Brief:
Look for the string "pitch" in the material below. Copy every line where you find it.

Given records:

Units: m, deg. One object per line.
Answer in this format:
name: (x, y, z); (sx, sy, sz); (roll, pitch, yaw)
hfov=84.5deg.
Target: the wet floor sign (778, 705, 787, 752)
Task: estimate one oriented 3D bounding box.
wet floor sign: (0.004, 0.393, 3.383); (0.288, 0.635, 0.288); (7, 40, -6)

---

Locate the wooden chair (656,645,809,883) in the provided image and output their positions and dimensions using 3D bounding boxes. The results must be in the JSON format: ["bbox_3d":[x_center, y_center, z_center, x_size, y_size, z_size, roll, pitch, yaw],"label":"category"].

Solution below:
name: (x, y, z); (sx, sy, sz); (roll, pitch, yaw)
Locate the wooden chair (656,645,809,883) in the provided image and output their positions and dimensions using 3D bounding boxes. The results must be in the JSON format: ["bbox_3d":[x_center, y_center, z_center, x_size, y_size, z_size, roll, pitch, yaw],"label":"category"].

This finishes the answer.